-- Dataset follows --

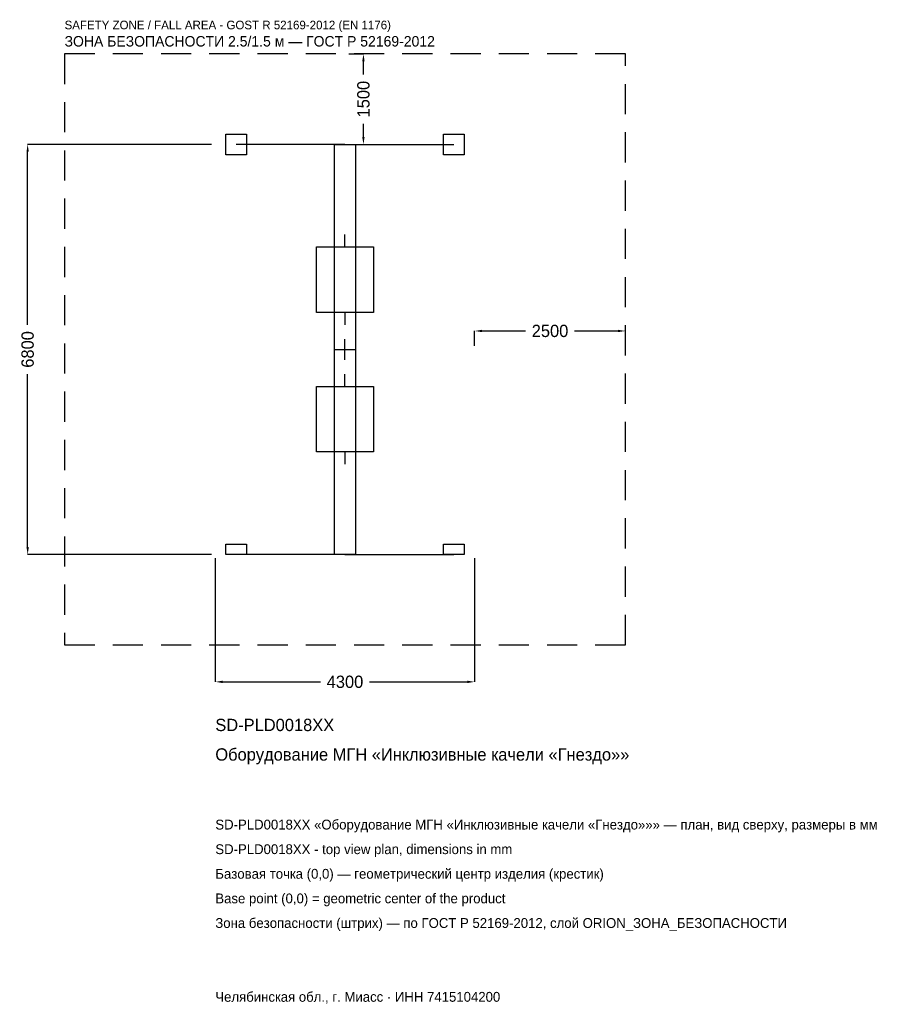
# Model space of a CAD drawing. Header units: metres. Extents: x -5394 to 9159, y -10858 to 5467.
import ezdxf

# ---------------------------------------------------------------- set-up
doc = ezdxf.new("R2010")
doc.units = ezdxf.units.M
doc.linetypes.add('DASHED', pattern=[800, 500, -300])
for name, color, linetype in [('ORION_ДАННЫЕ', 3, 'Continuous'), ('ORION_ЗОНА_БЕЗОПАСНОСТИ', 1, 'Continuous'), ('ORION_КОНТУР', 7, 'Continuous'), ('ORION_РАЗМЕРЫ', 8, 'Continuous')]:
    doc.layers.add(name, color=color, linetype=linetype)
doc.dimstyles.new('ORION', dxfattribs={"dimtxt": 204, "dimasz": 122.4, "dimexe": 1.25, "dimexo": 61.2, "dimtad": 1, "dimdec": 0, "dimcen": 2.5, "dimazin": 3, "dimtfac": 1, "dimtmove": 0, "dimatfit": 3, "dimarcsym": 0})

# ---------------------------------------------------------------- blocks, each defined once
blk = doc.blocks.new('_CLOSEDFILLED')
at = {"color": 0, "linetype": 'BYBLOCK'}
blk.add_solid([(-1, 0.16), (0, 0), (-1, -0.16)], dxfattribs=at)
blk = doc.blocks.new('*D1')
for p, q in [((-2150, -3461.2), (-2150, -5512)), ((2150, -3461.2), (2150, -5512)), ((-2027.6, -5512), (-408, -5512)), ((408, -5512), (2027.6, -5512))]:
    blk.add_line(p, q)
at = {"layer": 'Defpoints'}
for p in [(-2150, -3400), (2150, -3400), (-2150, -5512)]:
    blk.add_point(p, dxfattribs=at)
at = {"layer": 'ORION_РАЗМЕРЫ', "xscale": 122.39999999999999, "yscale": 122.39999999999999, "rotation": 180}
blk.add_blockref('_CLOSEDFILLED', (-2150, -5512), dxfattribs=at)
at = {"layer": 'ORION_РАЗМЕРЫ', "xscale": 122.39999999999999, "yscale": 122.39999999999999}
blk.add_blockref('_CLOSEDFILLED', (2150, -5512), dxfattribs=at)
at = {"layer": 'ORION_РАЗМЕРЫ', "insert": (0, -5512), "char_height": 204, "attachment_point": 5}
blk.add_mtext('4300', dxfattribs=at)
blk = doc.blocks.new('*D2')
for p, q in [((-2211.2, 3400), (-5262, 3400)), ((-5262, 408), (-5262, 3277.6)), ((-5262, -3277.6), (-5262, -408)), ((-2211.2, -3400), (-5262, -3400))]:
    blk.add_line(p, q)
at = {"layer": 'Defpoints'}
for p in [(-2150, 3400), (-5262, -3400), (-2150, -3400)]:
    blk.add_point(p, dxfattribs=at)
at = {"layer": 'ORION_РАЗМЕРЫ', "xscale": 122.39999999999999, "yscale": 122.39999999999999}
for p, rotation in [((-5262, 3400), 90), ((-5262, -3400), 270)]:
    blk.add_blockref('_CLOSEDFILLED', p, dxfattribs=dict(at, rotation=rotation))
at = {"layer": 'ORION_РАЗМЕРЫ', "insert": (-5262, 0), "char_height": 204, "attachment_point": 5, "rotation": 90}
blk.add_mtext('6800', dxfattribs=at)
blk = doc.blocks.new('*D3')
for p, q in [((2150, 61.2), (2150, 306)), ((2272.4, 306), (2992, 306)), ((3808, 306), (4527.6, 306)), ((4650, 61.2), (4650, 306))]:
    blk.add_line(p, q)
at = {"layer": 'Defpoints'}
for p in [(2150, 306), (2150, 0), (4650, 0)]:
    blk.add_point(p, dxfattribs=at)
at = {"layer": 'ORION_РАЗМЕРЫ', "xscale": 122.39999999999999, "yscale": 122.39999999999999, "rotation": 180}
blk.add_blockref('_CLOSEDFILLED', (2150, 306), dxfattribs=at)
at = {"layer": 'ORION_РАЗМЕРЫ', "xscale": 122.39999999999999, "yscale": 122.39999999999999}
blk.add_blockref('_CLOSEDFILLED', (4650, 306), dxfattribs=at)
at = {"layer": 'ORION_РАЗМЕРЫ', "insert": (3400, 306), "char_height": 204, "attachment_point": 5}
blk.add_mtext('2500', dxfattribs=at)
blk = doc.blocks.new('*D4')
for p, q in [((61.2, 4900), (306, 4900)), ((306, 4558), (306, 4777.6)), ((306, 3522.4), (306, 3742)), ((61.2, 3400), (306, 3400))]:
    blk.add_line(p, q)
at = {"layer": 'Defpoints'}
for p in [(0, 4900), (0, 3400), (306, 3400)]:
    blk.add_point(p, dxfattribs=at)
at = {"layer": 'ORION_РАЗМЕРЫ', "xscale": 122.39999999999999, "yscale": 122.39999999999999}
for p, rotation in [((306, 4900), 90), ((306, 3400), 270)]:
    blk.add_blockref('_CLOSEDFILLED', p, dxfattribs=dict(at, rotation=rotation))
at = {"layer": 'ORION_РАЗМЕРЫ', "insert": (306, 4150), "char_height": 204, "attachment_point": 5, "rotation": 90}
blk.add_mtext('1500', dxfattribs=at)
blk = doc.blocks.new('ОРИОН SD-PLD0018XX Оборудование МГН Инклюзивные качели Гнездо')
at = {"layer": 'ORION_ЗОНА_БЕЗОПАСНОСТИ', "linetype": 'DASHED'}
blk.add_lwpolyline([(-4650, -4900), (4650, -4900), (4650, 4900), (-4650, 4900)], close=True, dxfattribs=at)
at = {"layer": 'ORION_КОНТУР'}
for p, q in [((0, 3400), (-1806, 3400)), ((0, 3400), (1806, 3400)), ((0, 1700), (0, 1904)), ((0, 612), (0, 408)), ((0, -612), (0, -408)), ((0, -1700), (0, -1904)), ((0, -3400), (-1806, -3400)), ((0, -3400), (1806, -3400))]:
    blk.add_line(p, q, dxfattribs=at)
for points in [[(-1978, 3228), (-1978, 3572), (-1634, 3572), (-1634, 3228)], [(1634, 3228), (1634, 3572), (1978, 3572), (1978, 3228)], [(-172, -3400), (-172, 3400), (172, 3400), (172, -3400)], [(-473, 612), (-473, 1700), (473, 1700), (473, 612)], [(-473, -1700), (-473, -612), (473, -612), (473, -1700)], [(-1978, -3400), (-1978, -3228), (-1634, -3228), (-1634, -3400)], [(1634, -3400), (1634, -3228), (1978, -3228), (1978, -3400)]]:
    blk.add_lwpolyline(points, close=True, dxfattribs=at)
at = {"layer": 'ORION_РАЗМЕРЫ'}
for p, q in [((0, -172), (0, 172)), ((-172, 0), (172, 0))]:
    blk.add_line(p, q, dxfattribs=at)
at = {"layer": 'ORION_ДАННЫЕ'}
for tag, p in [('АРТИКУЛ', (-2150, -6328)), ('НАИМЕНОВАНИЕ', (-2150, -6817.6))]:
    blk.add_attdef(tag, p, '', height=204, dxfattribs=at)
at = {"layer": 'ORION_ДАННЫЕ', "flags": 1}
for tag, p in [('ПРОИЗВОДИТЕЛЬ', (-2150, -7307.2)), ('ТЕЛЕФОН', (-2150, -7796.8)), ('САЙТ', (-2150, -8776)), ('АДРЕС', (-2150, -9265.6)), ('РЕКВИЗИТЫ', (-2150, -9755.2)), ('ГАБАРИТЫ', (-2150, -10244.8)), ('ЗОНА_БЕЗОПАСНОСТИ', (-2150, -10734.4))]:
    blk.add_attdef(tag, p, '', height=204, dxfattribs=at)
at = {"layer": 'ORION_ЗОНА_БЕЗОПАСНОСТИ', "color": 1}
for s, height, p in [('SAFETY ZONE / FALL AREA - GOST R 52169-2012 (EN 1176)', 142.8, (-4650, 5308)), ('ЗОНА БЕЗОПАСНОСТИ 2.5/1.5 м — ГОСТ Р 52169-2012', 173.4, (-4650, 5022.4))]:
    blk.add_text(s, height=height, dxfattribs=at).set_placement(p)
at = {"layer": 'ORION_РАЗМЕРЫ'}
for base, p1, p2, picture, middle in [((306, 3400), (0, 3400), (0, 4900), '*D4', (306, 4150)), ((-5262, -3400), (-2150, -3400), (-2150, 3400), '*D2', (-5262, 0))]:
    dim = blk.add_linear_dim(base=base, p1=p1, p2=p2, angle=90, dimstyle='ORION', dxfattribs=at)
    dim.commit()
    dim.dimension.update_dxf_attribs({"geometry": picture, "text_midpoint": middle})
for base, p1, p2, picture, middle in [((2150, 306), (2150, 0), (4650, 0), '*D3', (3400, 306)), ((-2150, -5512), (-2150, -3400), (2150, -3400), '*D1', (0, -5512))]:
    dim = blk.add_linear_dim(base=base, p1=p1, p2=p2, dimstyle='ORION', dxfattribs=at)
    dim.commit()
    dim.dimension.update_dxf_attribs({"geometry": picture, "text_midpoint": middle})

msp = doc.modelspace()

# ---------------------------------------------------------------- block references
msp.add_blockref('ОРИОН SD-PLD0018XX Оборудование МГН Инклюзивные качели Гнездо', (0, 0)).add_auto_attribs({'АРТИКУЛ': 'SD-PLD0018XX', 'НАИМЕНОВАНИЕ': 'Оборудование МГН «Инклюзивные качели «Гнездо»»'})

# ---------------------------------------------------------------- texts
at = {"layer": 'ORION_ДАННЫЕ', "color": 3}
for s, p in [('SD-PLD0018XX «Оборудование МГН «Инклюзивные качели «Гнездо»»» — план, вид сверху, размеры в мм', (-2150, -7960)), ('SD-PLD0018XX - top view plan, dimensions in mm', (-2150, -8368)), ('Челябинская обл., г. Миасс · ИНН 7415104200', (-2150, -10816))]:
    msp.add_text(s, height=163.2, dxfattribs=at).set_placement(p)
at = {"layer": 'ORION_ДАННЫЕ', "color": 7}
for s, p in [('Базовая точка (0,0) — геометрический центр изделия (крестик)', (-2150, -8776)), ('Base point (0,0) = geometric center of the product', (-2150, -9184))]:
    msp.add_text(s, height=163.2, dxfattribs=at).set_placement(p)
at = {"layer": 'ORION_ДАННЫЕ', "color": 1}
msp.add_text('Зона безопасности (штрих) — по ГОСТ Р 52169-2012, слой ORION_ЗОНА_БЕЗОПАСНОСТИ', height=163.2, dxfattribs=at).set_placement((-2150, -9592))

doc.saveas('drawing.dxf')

-- Dataset concluded --

■ **Work instruction**: Output an exact copy of the lines from the one holding "p2=p2, dimstyle='ORION', dxfattribs=at)" to the last line of the data, inclusive, and nothing beyond that range.

■ **Answer for the task**:
    dim = blk.add_linear_dim(base=base, p1=p1, p2=p2, dimstyle='ORION', dxfattribs=at)
    dim.commit()
    dim.dimension.update_dxf_attribs({"geometry": picture, "text_midpoint": middle})

msp = doc.modelspace()

# ---------------------------------------------------------------- block references
msp.add_blockref('ОРИОН SD-PLD0018XX Оборудование МГН Инклюзивные качели Гнездо', (0, 0)).add_auto_attribs({'АРТИКУЛ': 'SD-PLD0018XX', 'НАИМЕНОВАНИЕ': 'Оборудование МГН «Инклюзивные качели «Гнездо»»'})

# ---------------------------------------------------------------- texts
at = {"layer": 'ORION_ДАННЫЕ', "color": 3}
for s, p in [('SD-PLD0018XX «Оборудование МГН «Инклюзивные качели «Гнездо»»» — план, вид сверху, размеры в мм', (-2150, -7960)), ('SD-PLD0018XX - top view plan, dimensions in mm', (-2150, -8368)), ('Челябинская обл., г. Миасс · ИНН 7415104200', (-2150, -10816))]:
    msp.add_text(s, height=163.2, dxfattribs=at).set_placement(p)
at = {"layer": 'ORION_ДАННЫЕ', "color": 7}
for s, p in [('Базовая точка (0,0) — геометрический центр изделия (крестик)', (-2150, -8776)), ('Base point (0,0) = geometric center of the product', (-2150, -9184))]:
    msp.add_text(s, height=163.2, dxfattribs=at).set_placement(p)
at = {"layer": 'ORION_ДАННЫЕ', "color": 1}
msp.add_text('Зона безопасности (штрих) — по ГОСТ Р 52169-2012, слой ORION_ЗОНА_БЕЗОПАСНОСТИ', height=163.2, dxfattribs=at).set_placement((-2150, -9592))

doc.saveas('drawing.dxf')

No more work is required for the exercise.